Assignment: Return verbatim every line from the first line of the data below to the line that contains "tags: village, road, path, night", inclusive, and no further.

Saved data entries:
- - - - -

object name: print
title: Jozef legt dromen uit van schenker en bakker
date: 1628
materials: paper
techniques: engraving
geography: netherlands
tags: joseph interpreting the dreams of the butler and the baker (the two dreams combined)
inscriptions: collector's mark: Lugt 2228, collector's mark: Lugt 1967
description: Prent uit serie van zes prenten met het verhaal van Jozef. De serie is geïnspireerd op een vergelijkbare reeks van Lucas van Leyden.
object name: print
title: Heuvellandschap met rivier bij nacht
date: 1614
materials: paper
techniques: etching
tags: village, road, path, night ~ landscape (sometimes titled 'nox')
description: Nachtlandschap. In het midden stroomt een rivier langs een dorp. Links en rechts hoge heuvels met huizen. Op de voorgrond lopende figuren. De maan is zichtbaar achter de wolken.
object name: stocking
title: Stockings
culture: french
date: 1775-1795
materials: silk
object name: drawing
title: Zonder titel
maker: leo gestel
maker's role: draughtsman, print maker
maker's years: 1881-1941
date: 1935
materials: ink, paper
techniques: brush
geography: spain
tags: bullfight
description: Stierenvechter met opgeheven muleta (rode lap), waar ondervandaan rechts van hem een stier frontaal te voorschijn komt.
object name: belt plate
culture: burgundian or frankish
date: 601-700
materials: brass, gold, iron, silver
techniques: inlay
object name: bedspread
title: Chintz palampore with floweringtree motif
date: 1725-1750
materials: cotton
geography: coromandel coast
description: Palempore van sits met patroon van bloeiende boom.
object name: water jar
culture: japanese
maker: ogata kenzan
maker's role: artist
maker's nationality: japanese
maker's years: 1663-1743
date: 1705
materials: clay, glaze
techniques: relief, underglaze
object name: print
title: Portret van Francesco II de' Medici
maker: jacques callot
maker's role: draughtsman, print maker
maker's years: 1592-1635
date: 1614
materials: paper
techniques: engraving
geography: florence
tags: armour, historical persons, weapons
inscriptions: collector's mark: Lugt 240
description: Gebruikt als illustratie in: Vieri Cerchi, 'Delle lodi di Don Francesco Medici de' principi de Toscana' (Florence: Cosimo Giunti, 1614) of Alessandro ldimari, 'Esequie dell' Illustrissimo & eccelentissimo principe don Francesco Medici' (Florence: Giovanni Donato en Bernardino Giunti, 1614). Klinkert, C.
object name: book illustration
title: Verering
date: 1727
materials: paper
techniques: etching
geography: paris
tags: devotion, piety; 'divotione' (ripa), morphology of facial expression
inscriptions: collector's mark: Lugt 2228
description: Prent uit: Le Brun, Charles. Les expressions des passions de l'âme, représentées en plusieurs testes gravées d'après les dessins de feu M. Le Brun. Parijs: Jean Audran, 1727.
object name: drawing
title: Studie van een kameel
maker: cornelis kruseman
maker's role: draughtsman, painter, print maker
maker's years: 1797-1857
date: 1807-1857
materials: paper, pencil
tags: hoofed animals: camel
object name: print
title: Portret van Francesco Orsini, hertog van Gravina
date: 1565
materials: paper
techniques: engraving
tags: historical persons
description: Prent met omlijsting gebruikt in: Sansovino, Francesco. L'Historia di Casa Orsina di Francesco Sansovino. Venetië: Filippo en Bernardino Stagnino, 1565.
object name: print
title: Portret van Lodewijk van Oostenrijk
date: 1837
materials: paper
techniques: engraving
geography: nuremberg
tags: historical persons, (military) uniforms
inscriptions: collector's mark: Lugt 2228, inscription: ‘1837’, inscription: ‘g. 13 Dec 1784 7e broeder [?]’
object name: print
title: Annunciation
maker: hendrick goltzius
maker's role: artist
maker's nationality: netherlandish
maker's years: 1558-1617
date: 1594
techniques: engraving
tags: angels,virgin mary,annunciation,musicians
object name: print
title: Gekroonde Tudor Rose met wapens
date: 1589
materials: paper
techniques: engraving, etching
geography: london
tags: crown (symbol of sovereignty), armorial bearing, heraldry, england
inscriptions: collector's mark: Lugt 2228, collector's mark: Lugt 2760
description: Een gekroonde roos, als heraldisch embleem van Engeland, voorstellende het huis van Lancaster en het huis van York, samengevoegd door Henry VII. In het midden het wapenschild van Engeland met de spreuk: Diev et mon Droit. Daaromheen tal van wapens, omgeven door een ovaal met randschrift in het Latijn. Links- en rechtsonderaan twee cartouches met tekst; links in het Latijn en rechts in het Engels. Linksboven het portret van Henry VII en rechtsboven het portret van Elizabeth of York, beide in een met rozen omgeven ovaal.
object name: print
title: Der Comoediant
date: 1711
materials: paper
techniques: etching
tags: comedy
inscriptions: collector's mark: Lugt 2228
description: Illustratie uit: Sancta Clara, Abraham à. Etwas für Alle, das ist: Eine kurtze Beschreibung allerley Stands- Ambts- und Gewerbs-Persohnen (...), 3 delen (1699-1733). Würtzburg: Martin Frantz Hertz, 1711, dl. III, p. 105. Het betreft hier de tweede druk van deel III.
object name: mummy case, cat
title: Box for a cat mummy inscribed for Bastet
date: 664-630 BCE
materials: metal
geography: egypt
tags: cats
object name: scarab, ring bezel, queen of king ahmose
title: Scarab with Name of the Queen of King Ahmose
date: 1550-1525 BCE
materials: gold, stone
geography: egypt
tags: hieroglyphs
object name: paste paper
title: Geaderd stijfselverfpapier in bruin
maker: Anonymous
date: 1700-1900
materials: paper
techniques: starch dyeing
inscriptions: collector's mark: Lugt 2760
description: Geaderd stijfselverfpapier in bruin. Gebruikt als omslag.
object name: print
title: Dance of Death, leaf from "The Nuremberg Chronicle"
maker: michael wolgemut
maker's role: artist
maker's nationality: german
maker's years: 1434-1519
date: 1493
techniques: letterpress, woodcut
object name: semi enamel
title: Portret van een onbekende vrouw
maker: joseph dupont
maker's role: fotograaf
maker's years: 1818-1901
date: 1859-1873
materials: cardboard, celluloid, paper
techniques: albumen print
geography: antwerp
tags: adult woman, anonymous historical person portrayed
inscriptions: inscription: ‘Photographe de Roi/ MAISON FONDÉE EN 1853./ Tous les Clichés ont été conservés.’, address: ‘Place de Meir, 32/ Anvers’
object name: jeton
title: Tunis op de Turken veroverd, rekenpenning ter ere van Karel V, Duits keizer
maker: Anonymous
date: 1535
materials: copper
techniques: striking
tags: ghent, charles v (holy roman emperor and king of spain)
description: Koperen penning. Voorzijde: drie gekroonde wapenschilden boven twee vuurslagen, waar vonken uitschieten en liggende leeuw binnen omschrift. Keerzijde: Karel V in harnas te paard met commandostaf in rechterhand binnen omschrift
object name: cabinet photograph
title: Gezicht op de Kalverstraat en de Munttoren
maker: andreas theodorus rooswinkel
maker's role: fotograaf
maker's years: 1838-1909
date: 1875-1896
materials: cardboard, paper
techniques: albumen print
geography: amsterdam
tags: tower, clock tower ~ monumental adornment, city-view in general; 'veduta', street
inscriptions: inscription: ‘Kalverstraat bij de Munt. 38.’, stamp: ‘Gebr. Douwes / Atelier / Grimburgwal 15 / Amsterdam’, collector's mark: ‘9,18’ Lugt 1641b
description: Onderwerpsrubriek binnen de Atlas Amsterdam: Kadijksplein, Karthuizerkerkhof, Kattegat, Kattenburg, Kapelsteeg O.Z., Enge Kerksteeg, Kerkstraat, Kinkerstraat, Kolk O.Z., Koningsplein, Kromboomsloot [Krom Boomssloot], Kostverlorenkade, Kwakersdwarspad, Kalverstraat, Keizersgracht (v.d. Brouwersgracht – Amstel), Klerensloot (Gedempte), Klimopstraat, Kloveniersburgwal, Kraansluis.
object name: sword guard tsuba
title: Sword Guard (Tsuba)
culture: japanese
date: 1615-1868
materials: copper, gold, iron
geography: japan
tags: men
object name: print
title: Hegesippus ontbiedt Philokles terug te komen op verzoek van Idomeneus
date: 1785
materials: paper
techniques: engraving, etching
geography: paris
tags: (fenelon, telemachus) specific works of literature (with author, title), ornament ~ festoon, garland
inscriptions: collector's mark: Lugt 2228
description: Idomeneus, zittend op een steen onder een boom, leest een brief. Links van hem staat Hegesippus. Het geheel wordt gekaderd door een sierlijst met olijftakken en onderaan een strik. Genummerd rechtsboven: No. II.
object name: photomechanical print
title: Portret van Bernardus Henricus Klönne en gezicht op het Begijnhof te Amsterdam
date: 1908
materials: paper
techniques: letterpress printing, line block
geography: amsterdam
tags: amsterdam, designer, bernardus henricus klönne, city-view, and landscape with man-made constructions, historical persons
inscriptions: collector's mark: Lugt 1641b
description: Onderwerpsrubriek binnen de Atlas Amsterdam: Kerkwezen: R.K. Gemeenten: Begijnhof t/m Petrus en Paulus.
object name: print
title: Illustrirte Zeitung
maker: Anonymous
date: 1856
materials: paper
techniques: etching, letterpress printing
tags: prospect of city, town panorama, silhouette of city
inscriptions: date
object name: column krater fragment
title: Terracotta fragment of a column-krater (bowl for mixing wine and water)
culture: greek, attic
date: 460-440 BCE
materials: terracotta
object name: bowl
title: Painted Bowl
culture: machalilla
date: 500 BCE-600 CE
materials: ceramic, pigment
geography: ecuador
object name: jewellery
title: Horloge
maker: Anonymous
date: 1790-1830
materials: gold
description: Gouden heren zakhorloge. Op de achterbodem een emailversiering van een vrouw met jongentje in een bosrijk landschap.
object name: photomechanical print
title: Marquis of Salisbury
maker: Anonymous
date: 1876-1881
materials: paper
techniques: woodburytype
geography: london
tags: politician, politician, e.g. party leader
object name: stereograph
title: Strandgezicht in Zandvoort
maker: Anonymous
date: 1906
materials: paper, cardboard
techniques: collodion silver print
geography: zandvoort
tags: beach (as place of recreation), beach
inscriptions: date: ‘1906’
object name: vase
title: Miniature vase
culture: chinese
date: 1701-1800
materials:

- - - - -

Output of the exercise:
object name: print
title: Jozef legt dromen uit van schenker en bakker
date: 1628
materials: paper
techniques: engraving
geography: netherlands
tags: joseph interpreting the dreams of the butler and the baker (the two dreams combined)
inscriptions: collector's mark: Lugt 2228, collector's mark: Lugt 1967
description: Prent uit serie van zes prenten met het verhaal van Jozef. De serie is geïnspireerd op een vergelijkbare reeks van Lucas van Leyden.
object name: print
title: Heuvellandschap met rivier bij nacht
date: 1614
materials: paper
techniques: etching
tags: village, road, path, night ~ landscape (sometimes titled 'nox')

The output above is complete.